No entanto, Gilmar Mendes decidiu revogar a medida, com base no artigo 580 do Código de Processo Penal. Em sua argumentação, o magistrado afirmou que Márcia sofreu “constrangimento ilegal” e que “as medidas cautelares estão sendo aplicadas em relação a fatos consideravelmente distantes no tempo da imposição cautelar”.

Segundo o blog Política por Elas, de Rejane Negreiros e Juliana Teixeira, a denúncia contra Márcia Lucena teria sido decisiva na disputa eleitoral em Conde, no ano de 2020, quando ela não conseguiu sua reeleição e foi derrotada por Karla Pimentel (PROS-PB)

“Havia uma nuvem pesada de desconfiança sobre a gestora e, quando a credibilidade é posta em xeque, o impacto sobre os votos é certo”, escreveu o blog, que lembrou que Márcia Lucena teve que enfrentar, durante a sua gestão, conflitos de terra envolvendo o povo Tabajara e um grupo de empresários e políticos interessados na expansão imobiliária da região, entre outros problemas.

Segundo alguns meios nordestinos e também acadêmicos de universidades da região, existem muitas semelhanças entre a Operação Calvário e a Operação Lava Jato, e alguns chegam a classificar a primeira como “Lava Jato paraibana”.

Por exemplo, o cientista político José Artigas, professor da UFPB (Universidade Federal da Paraíba), publicou artigo no Brasil de Fato, em dezembro de 2019, descrevendo a Calvário como “a versão pirata do lavajatismo também age ilegalmente em conluio com o Ministério Público (MP). Os direitos e garantias legais dos denunciados vêm sendo sistematicamente tolhidos, as prisões decretadas não encontram justificações legais ou amparo em provas materiais, mas essencialmente em delações”.

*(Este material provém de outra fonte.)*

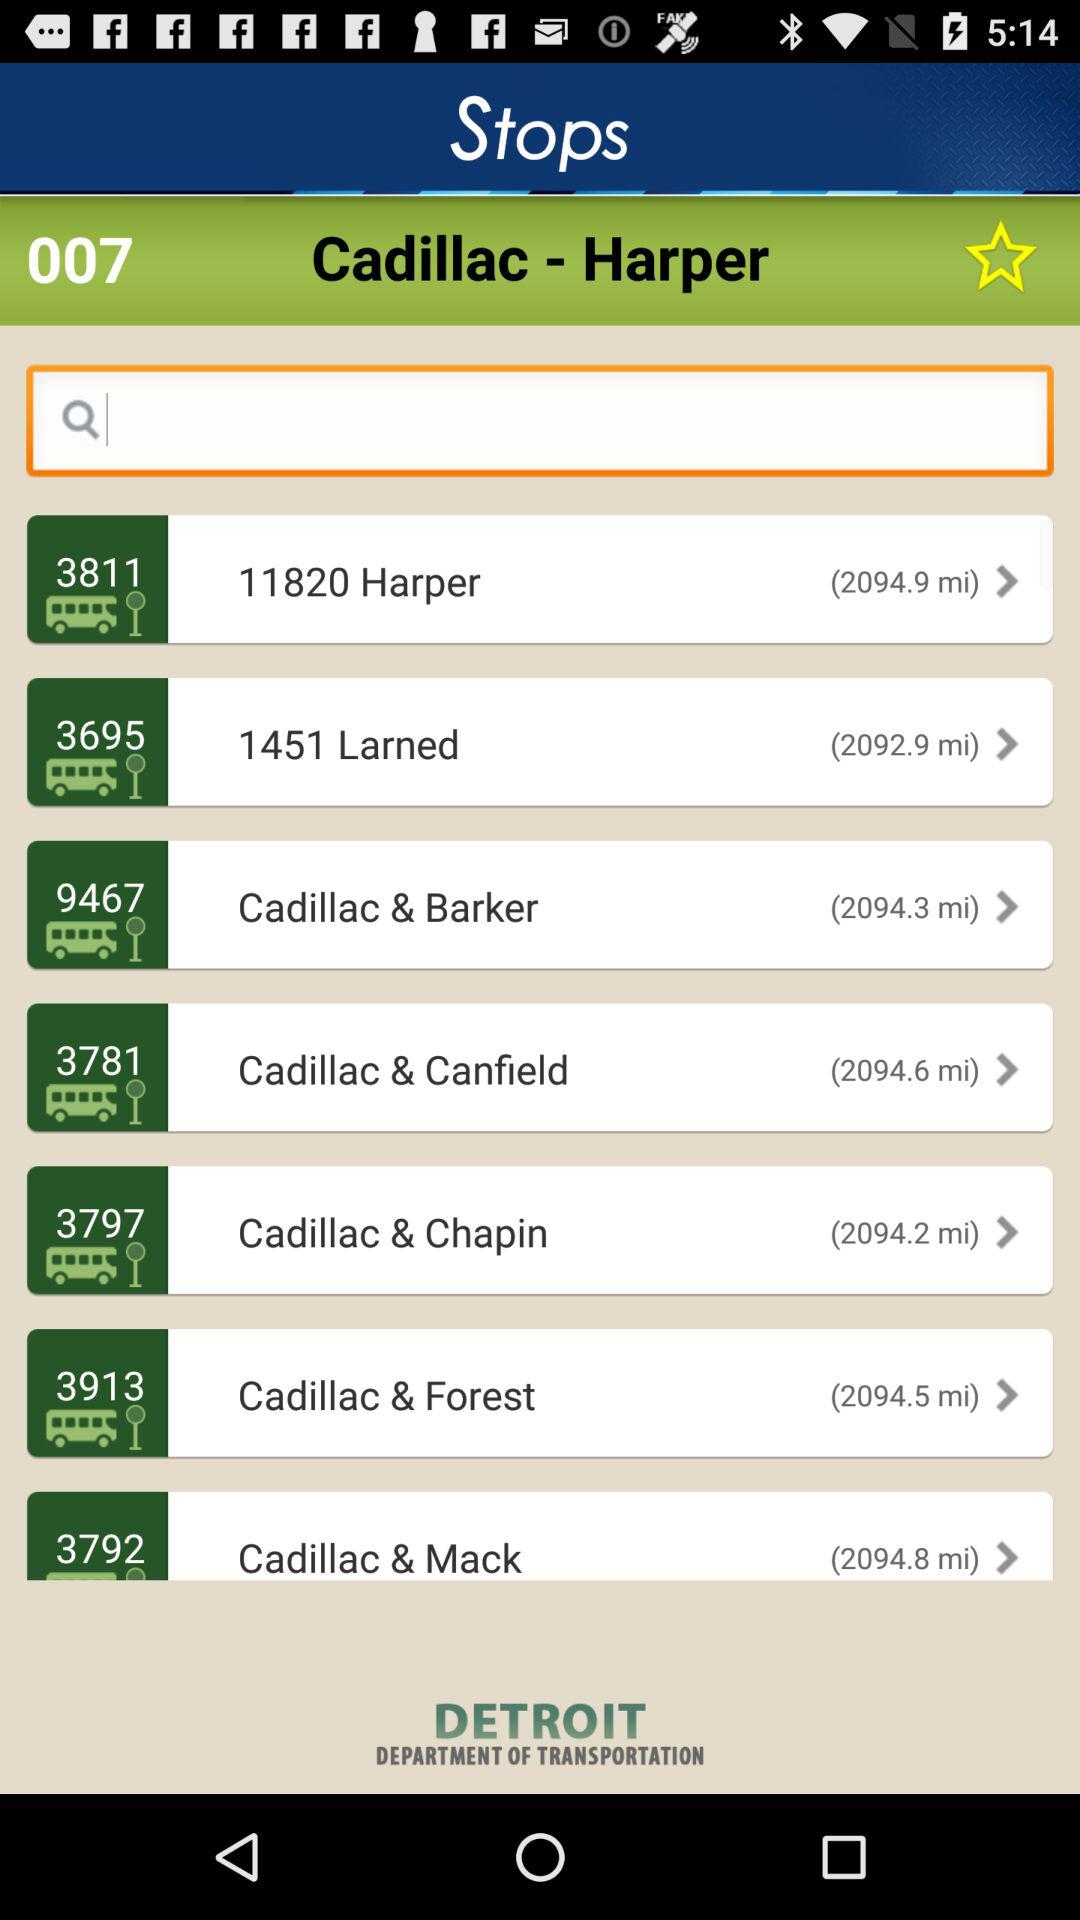How far away is Cadillac & Barker? It is 2094.3 miles away.

No mesmo texto, Artigas citou o caso de Márcia Lucena e expressa “toda solidariedade também à prefeita do Conde, que vem promovendo uma verdadeira revolução na administração pública da cidade e que, sem justificativas plausíveis, também foi submetida a uma ilegítima prisão” – lembrando que ela chegou a ser presa em 2019, em decisão que durou apenas alguns dias, sendo substituída pela medida cautelar de restrição para deixar a cidade.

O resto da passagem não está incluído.